Das ist meine Pflicht! Ich investiere viel Zeit und Energie in die Bundesratsgeschäfte. Das ist wichtig für das Funktionieren unserer Kollegialbehörde. Es macht mir grosse Freude, mit meinen Bundesratskollegen zusammenzuarbeiten.

Wie ist die Stimmung im Bundesrat?
Sie ist gut, ich verstehe mich gut mit meinen Kollegen. Ich war bei meinem Start sehr beeindruckt von der Offenheit und Qualität der Debatte.

Obwohl die Sitzung sehr formalisiert ist.
Die Sitzungen sind nicht so formalisiert, wie man glaubt. Die Diskussionen verlaufen viel offener. Es sind Arbeitssitzungen: Nicht das Protokoll dominiert, sondern die Suche nach Lösungen.

Mit wem verstehen Sie sich eigentlich am besten?
Einige Bundesratsmitglieder kenne ich schon länger, ich habe mit manchen schon als Parlamentarier zusammengearbeitet ...

Zum Beispiel mit Didier Burkhalter. Geben Sie ihm Ratschläge in der Aussenpolitik?
Er hat keine Ratschläge nötig. Wenn ich ihm etwas zu sagen habe, tue ich es -- und er macht dies umgekehrt auch.

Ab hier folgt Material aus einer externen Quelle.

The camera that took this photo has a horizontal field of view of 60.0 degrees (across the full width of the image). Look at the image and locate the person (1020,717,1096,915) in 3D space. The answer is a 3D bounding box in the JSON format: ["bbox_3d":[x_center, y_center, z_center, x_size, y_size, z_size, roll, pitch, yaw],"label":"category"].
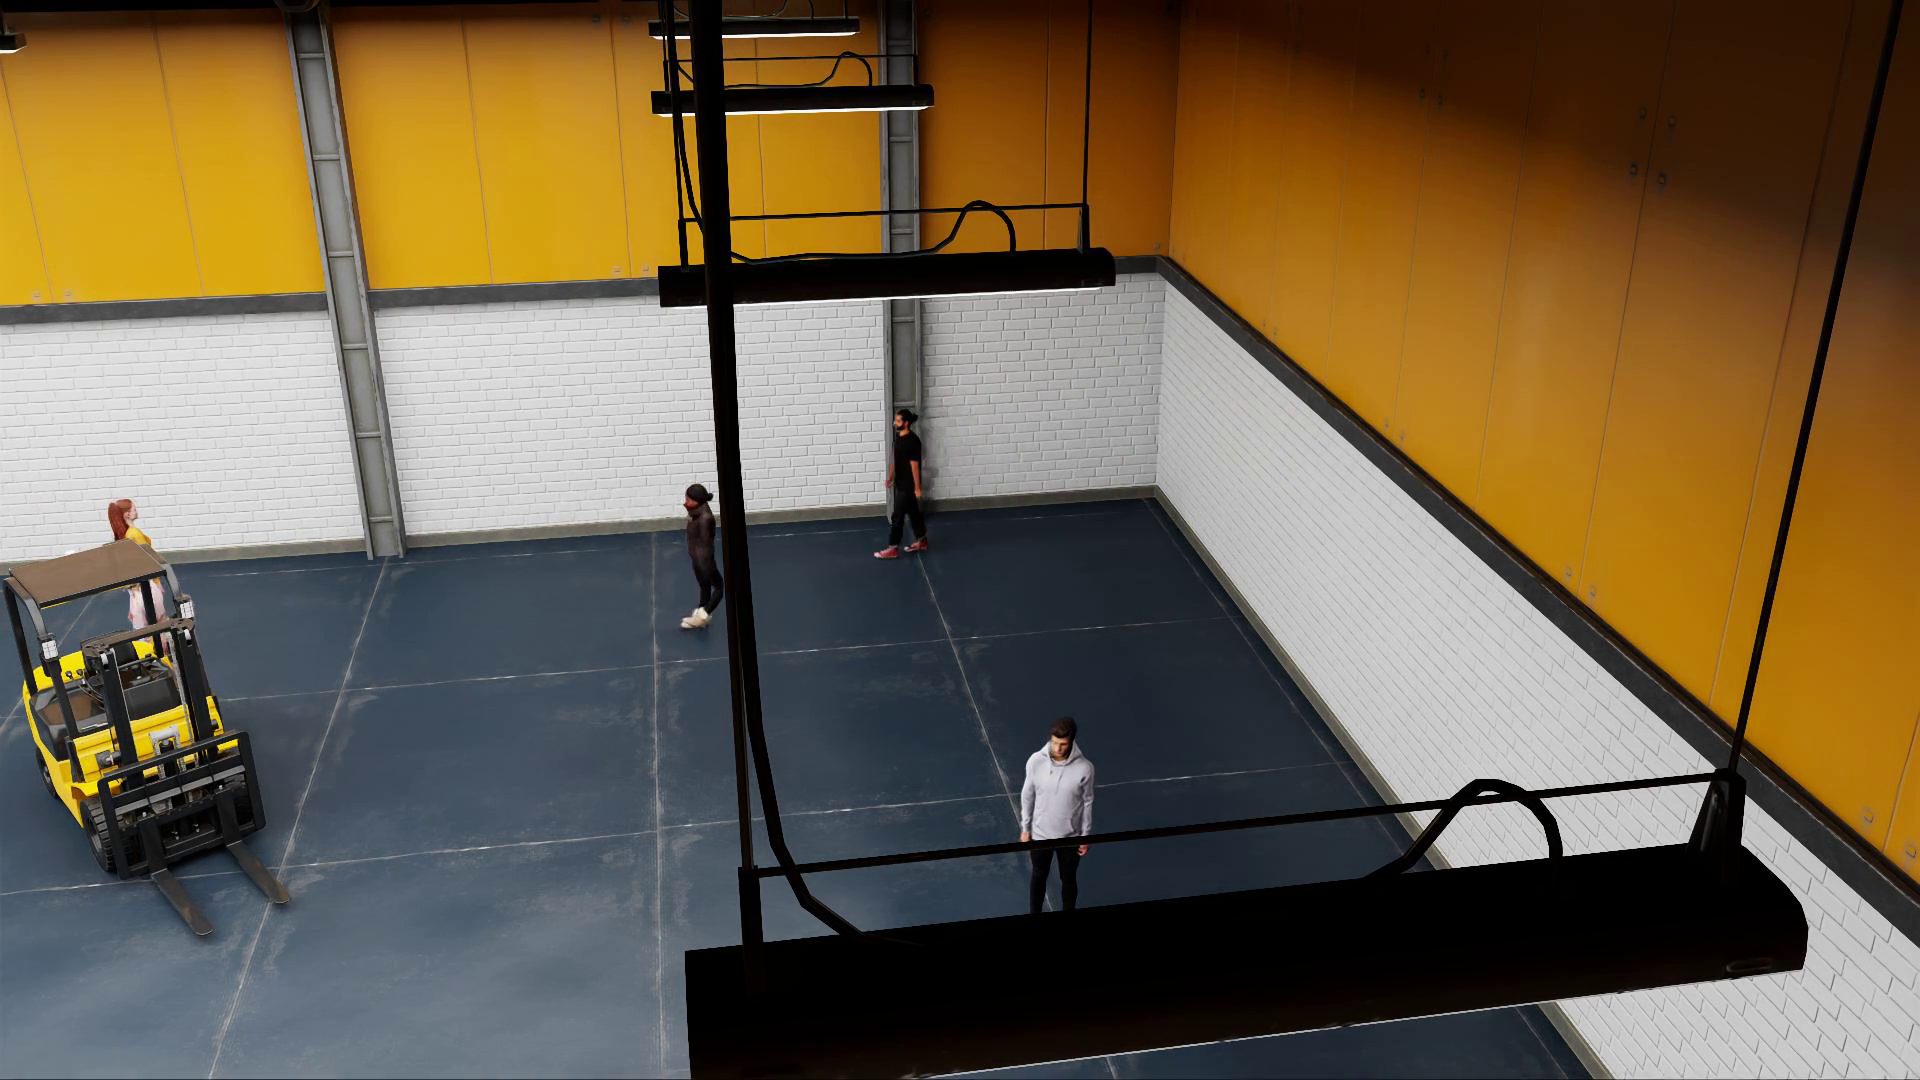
[{"bbox_3d":[0.709,2.116,12.215,0.651,1.930,0.813,4,24,8],"label":"person"}]

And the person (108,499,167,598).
[{"bbox_3d":[-8.058,0.401,16.362,0.670,1.751,0.744,12,26,25],"label":"person"}]

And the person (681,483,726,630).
[{"bbox_3d":[-2.725,0.204,16.930,0.755,1.657,0.664,-7,25,-15],"label":"person"}]

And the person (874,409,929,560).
[{"bbox_3d":[-0.517,-0.651,18.791,0.982,1.734,0.740,-8,25,-18],"label":"person"}]

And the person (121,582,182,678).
[{"bbox_3d":[-7.253,0.943,15.231,0.737,1.663,0.632,-1,24,-3],"label":"person"}]
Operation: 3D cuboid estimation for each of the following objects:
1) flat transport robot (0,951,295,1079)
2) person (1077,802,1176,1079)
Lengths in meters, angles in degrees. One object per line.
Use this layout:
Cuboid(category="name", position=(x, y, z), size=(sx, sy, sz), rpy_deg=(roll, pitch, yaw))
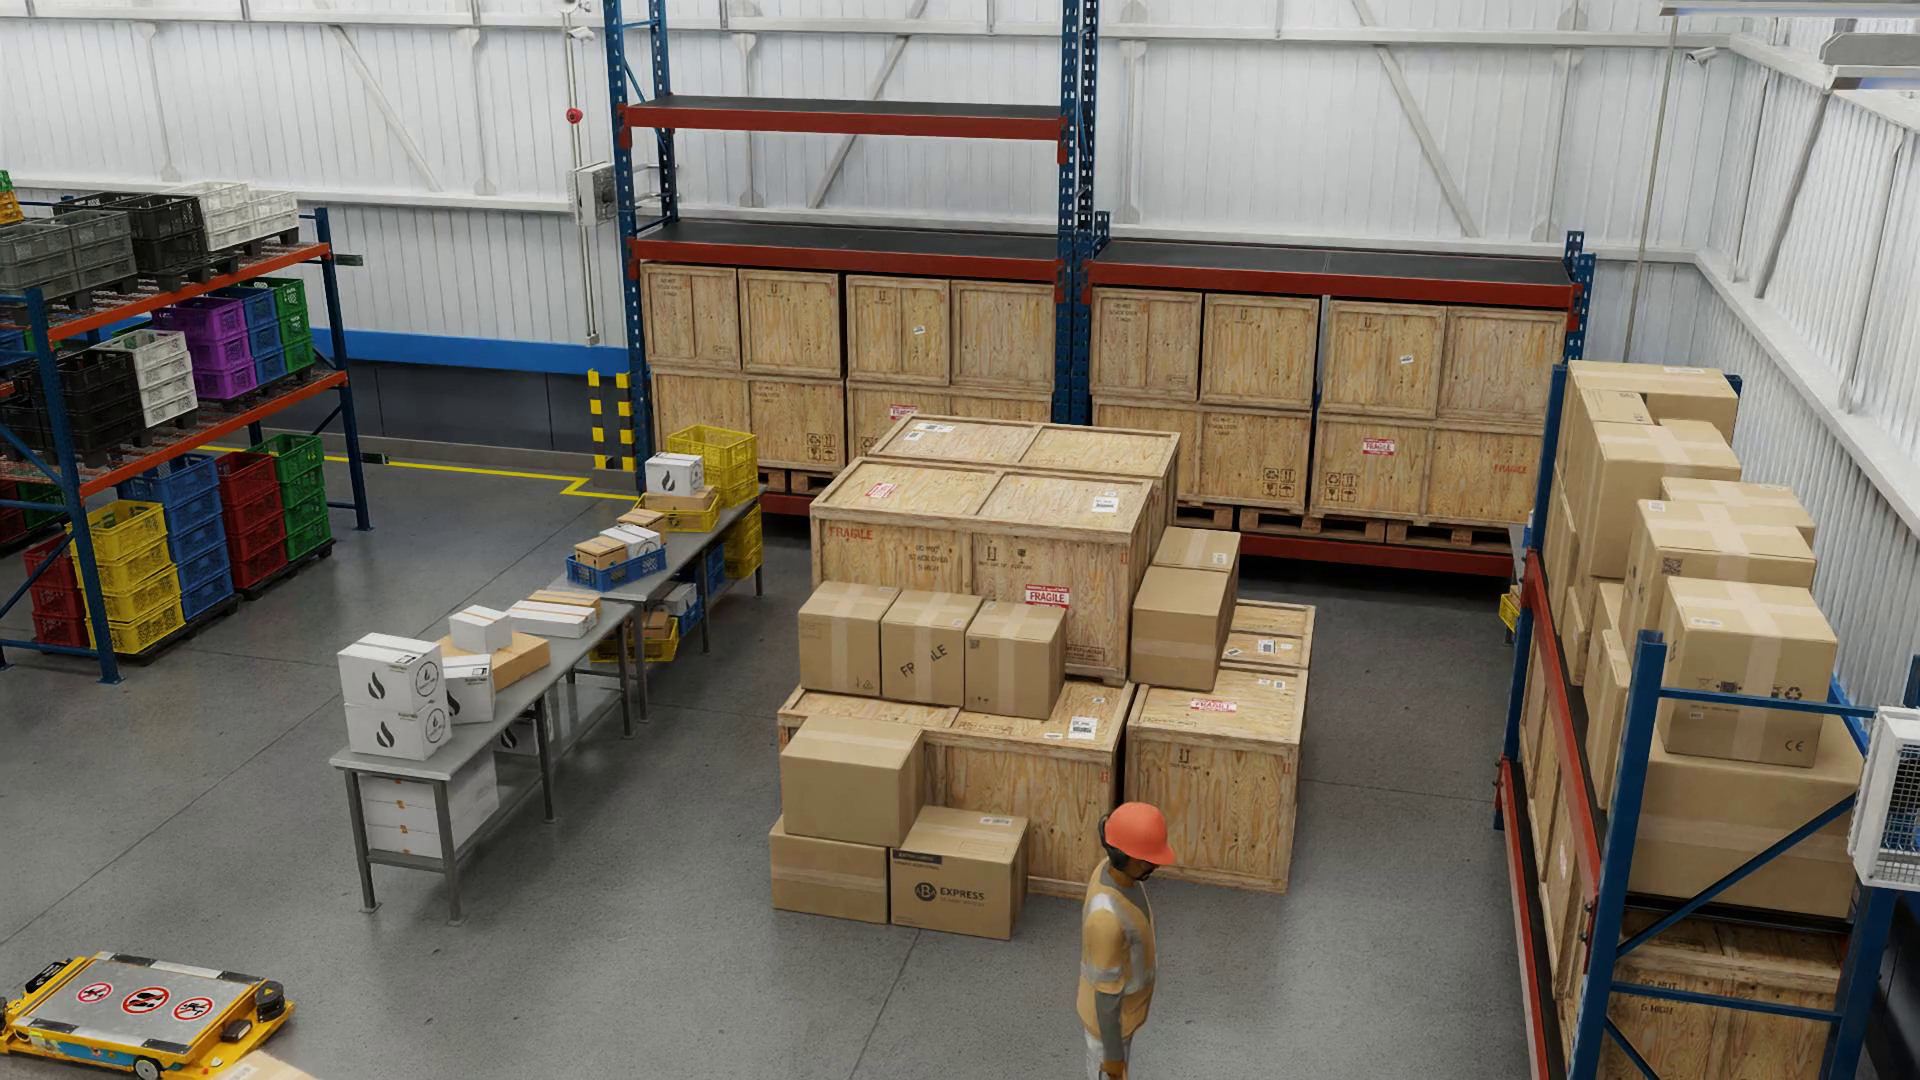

Was haben Sie als Bundesrat unterschätzt?
Bundesrat werden ist wie Vater werden. Man weiss in etwa, was auf einen zukommt, aber in der Realität ist es dann doch ganz anders. Es bedeutet auch viel Arbeit, ich bin an einem «normalen» Tag um 7.30 Uhr im Büro und um 20 Uhr zu Hause. Dazu kommt viel Arbeit ausserhalb des Büros.

Kommt Ihre Familie nicht zu kurz?
Es ist eine Frage der Organisation. Ich nehme mir Zeitfenster heraus, die ich für meine Frau und meine Kinder reserviert habe.

Alain Berset (40) hat eine steile Politkarriere gemacht: Mit 36 Jahren wurde der Freiburger zum Ständeratspräsidenten gewählt, mit 39 zum Bundesrat. Seit Anfang Jahr leitet der Sozialdemokrat das Innendepartement – und er zeigt sich bereit, die notwendigen Reformen in der Gesundheits- und Sozialpolitik anzupacken. Wenn er reüssieren will, braucht er die Unterstützung von SP-Chef Christian Levrat, seines ehemaligen politischen Weggefährten. Denn gesundheits- und sozialpolitische Reformen sind in den vergangenen Jahren in der Regel am Widerstand von links gescheitert. Berset ist verheiratet, hat drei Kinder – Antoine (8), Achille (6) und Apolline (4) – und wohnt in Belfaux FR.